Hosted by the Bristol Vision Institute (BVI)
Abstract: Among other things, extended reality technologies, such as virtual (VR) and augmented reality (AR), afford experiences related to arts, entertainment, health, sports, and free-time activities. By participating in such activities, users engage with digital representations of people and objects in digitally created or modified spaces. Thus, in VR and AR, users can interact with each other through digital bodies, such as customisable full-body avatars or AR filters that change one’s appearance captured by a smartphone’s camera. While many of these applications are now part of everyday life—over a billion people use VR or AR regularly worldwide—we know fairly little of how digital bodies affect social activities. This paper presents a series of completed and proposed empirical studies on how VR and AR mediate social interactions through digital bodies, what implications these interactions hold in terms of social dynamics, and what are the methodological challenges for designing human-centred studies of extended reality experiences.
Biography: Kata is based in the Trinity Longroom Hub and her work is focused on questions that consider technological developments from the humanistic perspective. She will work closely with her academic mentors Prof. Jennifer O’Meara (School of Creative Arts) and Prof. Aljosa Smolic (School of Computer Science and Statistics) to study the effects of augmented reality on user behaviour.
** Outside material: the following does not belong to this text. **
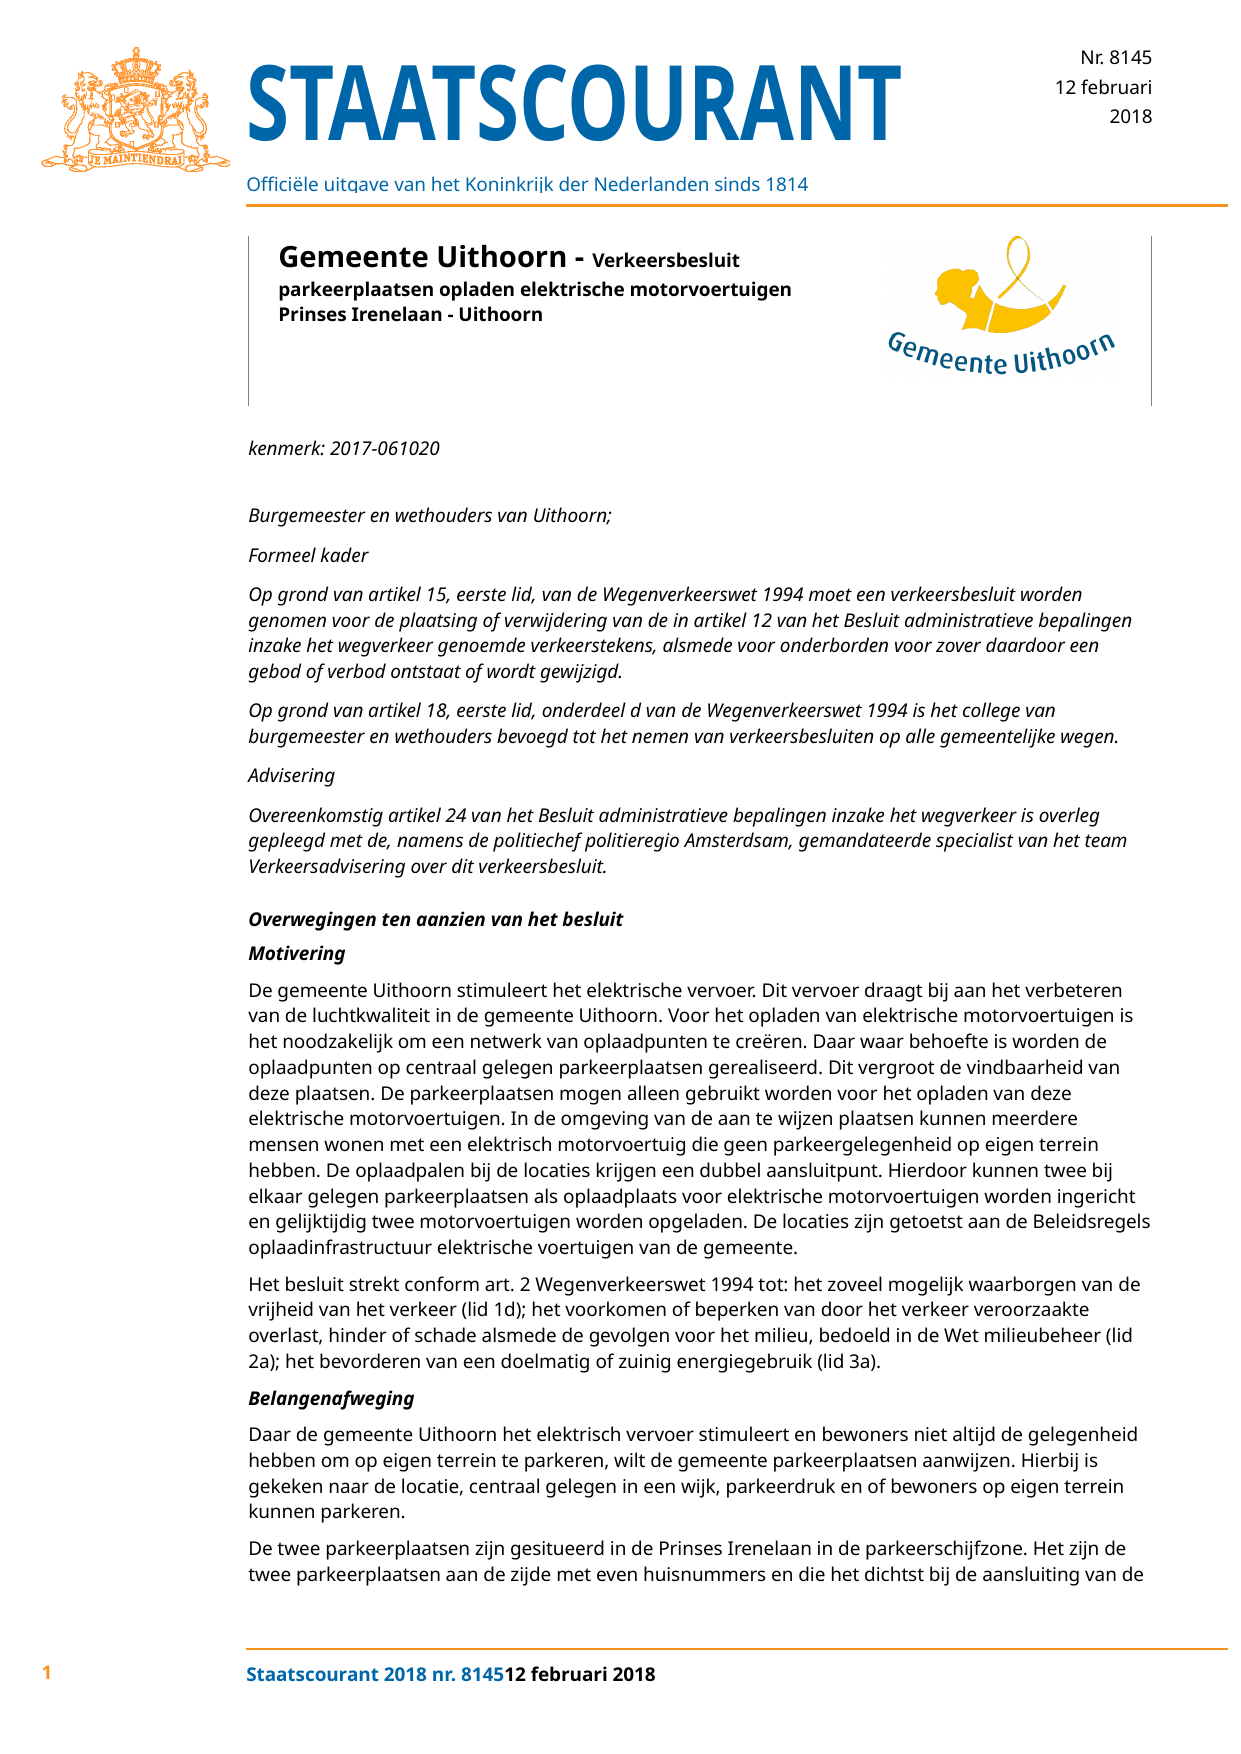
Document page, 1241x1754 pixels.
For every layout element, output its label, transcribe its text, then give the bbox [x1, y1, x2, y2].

Kata’s project builds on her previous cross-disciplinary research in cognitive media studies focusing on audiovisual experiences on smartphones and in virtual environments in terms of comprehension, attention, and emotions. Augmented reality (AR) offers interactive content that integrates real-world and digital objects and bodies. Kata’s work focuses on AR experiences in which users interact with digitally created or modified human bodies on mobile devices. Reflecting on the relocation of social experiences into digital spheres, she explores social behaviour and identity. First, by analysing the effects of AR on the sense of social belonging and mental well-being and by measuring users’ reactions to AR experiences that display human bodies besides their own. Second, by studying how AR experiences that display modified self-images impact social identity, behaviour, and prejudices towards digital avatars with different body types and demographic characteristics, such as gender or ethnicity.